At the same time, I also classified and marked Jetpack’s 85 component libraries in detail, which were divided into 7 categories to help you understand what these component libraries are for from a global perspective, so that we can quickly choose appropriate components in different scenarios and help ourselves to complete the realization of corresponding functions.

For those of you who haven’t, check out the previous article

Today we’ll talk about the second question in the definition: why does Jetpack help us implement working code that behaves consistently across Android versions and devices?

Jetpack, AndroidX, and Support libraries

Jetpack and AndroidX are the same thing, from a product perspective it’s called Jetpack, and from a technical perspective it’s called AndroidX. All of the component libraries in Jetpack currently have package names that start with AndroidX.

For the first time in 18 years of Google I/O, the Android team introduced a new support library: AndroidX is the Alpha version of AndroidX, which is designed to solve the long-standing Support library confusion. You can also think of AndroidX as a more powerful Support library.

What does the Support library do?

In previous Iterations of Android updates, all feature updates were released with each specific Android release, such as Fragment in Android 3.0, The Material Design component is updated on Android 5.0. Due to the large number of Android users, every Android update cannot cover all users. At the same time, due to the large number of mobile phone manufacturers, but limited support, You can’t keep iterating to the latest Version of Android for all the devices you produce, so the Android versions on the devices you own are fragmented.

From a technical point of view, Android engineers will encounter many difficult problems when maintaining projects due to the inconsistency of device versions among users.

In order to solve these compatibility problems caused by the inconsistencies of Android versions, Google has introduced the Support library.

The Support library is a complement to the Framework API, which is released with every Android version and has strong relevance to the device. The Support API is integrated by the developers themselves and will eventually be included in our released applications. This allows us to develop applications on the latest versions of Android, while addressing potential compatibility issues using the Support API to help developers implement working code that behaves consistently across devices with different Versions of Android.

What are the drawbacks of the Support library?

The first Support library was released in 2011 with the version number: Android.support. v4, also known as V4 library. In 2013, based on V4, the Android team released v7 library with the version number: Android.support. v7, followed by V8, V13, V14, and V17 for specific scenarios.
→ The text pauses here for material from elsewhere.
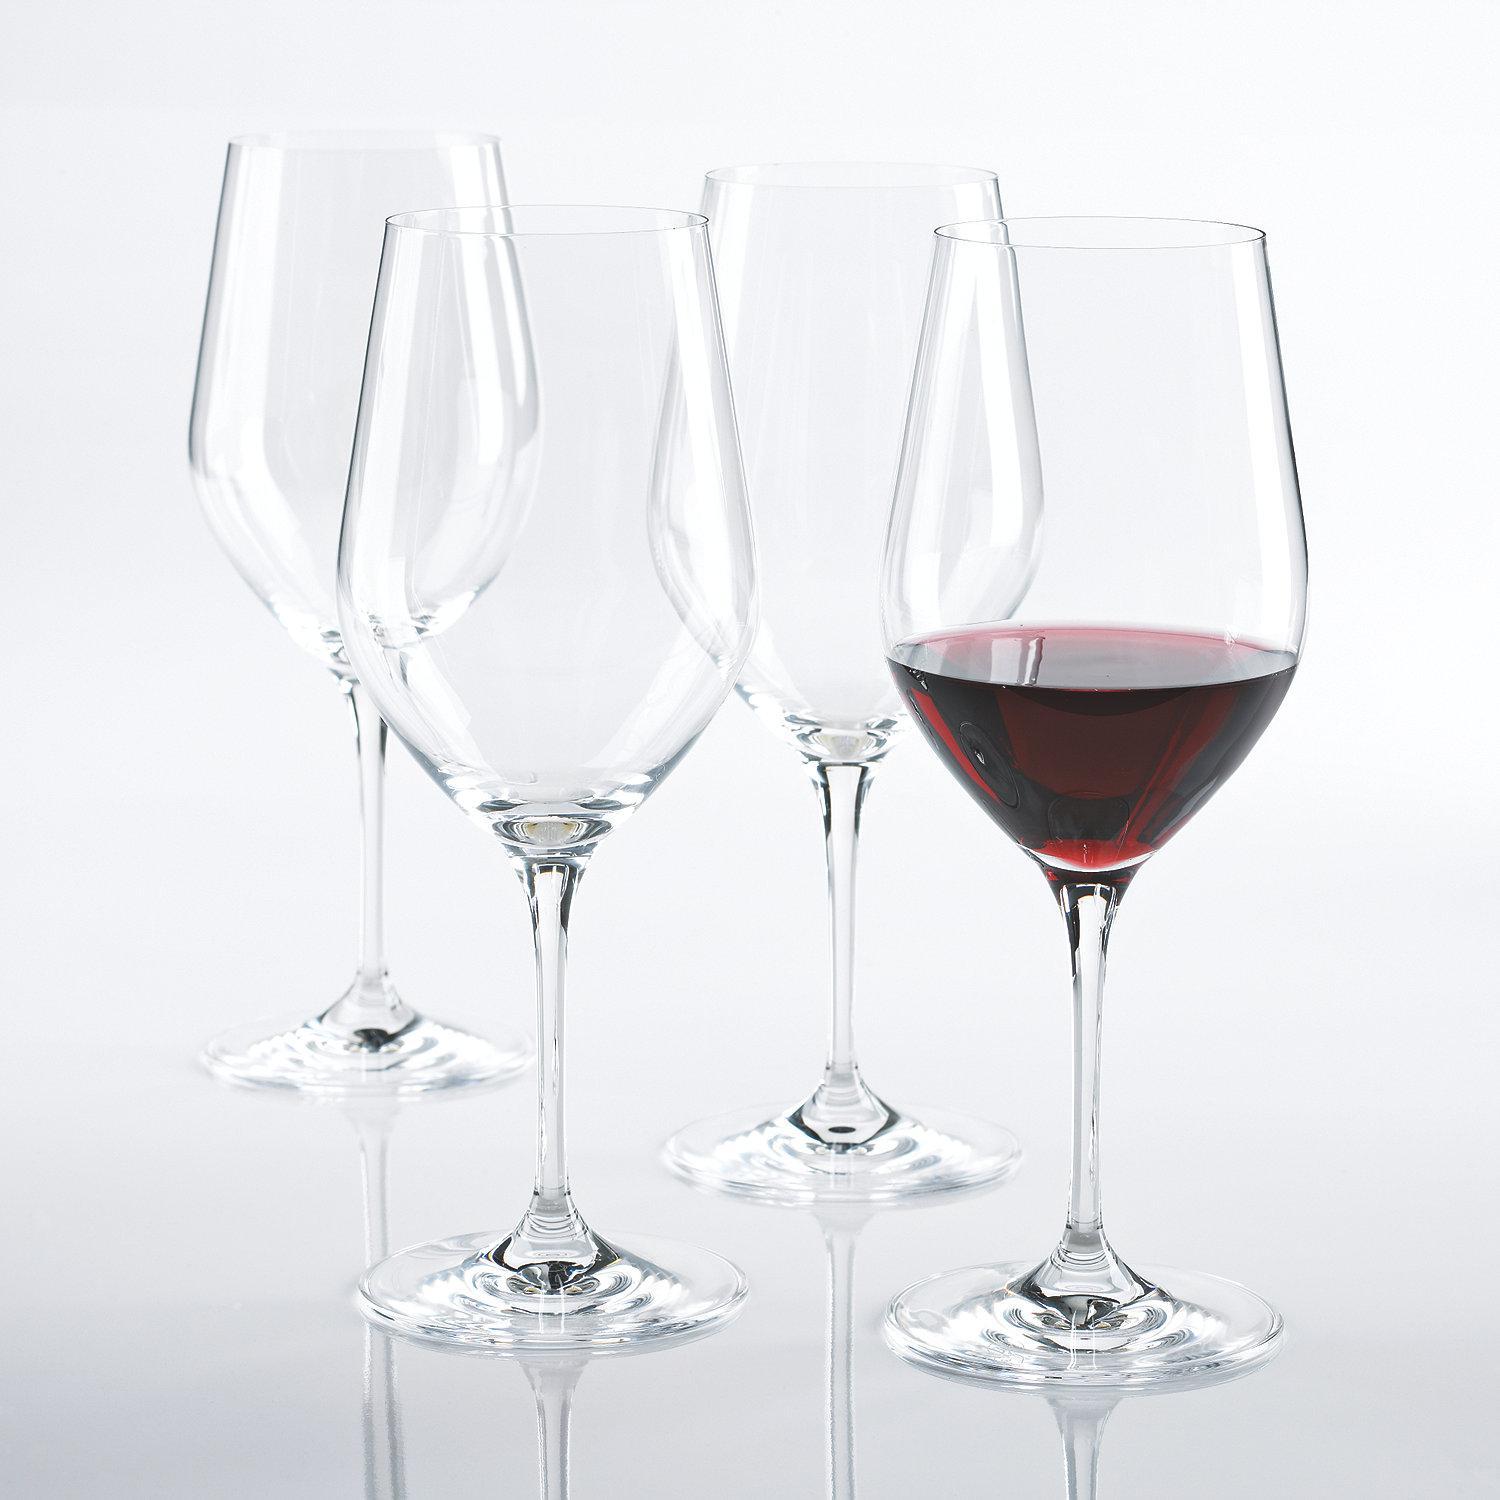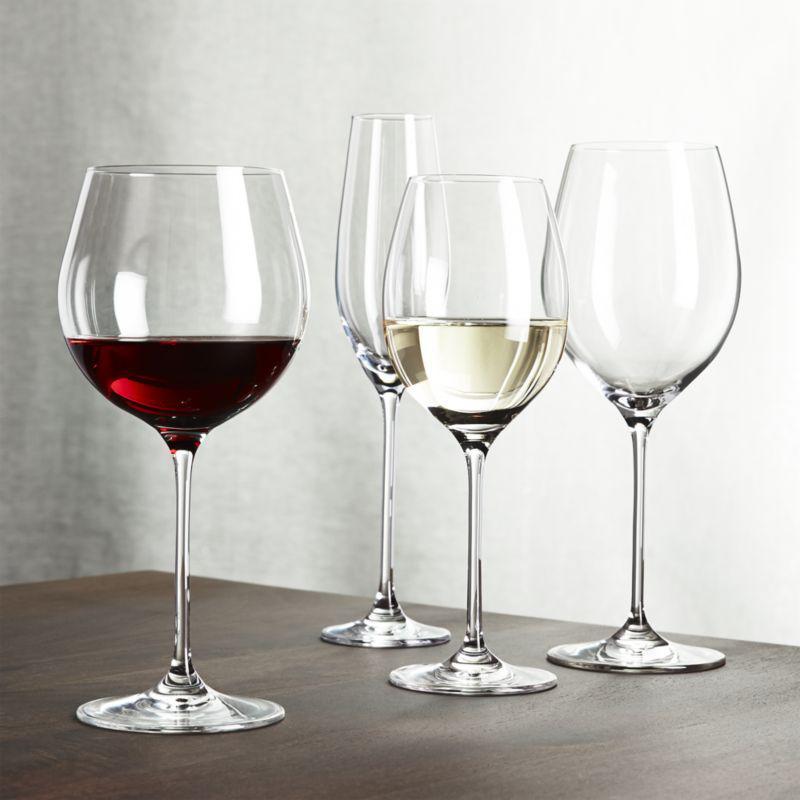The first image is the image on the left, the second image is the image on the right. Given the left and right images, does the statement "In one image, two glasses are right next to each other, and in the other, four glasses are arranged so some are in front of others." hold true? Answer yes or no. No. The first image is the image on the left, the second image is the image on the right. For the images displayed, is the sentence "In the left image, there is one glass of red wine and three empty wine glasses" factually correct? Answer yes or no. Yes.

If you just started learning Android a few years ago, you must be very confused about these strange numbers. What do 4, 7, 8, 13, 14, 17 mean?
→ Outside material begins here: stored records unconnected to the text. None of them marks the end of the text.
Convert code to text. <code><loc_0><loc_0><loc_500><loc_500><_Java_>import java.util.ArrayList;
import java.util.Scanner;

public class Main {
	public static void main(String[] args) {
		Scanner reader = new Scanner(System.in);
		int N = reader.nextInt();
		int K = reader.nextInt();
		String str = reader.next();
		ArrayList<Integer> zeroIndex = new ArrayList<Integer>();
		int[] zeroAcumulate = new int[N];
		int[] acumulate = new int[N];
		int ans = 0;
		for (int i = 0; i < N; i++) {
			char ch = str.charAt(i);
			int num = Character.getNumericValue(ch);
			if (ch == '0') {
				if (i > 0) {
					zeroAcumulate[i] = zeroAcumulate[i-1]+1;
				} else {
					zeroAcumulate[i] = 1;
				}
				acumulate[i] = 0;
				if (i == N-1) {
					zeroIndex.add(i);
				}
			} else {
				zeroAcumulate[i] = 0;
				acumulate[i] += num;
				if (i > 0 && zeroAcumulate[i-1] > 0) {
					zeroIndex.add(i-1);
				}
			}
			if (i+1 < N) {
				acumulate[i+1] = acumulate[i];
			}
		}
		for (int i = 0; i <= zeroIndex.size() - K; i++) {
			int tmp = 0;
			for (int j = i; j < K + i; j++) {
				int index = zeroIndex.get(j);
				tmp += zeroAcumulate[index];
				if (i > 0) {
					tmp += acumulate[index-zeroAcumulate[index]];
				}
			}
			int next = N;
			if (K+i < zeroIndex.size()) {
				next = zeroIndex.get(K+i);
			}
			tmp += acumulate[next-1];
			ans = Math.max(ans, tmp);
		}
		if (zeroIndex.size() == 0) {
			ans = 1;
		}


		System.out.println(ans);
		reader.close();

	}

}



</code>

For example, the first generation of support library V4 was originally intended to be used as a minimum support for API 4 devices. V7 is the minimum support for API 7 devices. However, as Android releases continue to update, API 4 and API 7 devices have long been obsolete.

In July 2017, Google increased the minimum VERSION of API supported by all Support libraries to API 14. However, because the package name cannot be changed, the previous V4 and V7 naming standards are still used. Therefore, the first problem that cannot be solved by the Support library is the confusion of version growth.

At the same time, the Support library also faces a very serious problem: heavy dependency caused by the architectural design itself. The earliest Support library is V4. V7 is a supplement based on V4. Because V4 and V7 are too large and have concentrated functions, if you want to develop new Support libraries, you can only carry out secondary development on the basis of V4 and V7. RecyclerView, CardView, etc.

So it may be severe repeated dependent problem, used in both the official repository, or a third-party library, we all need to keep the whole project Support library version is consistent, I believe that a lot of people on this issue on pit, although is there a way to solve this problem, but virtually increase a lot of work.

We all know that composition is better than inheritance, but the Support library was originally designed to favor inheritance over composition. I guess that’s because the people who developed the Support library were the same people who developed the Framework API. There are various types of inheritance logic in the Framework API, such as activities, fragments, and Views.

Although Google tried to split the Support library in the later stage, for example, it launched independent Support libraries: Support: Design, Support: CustomTabs, etc., but it could not solve the problem of dependency from the root.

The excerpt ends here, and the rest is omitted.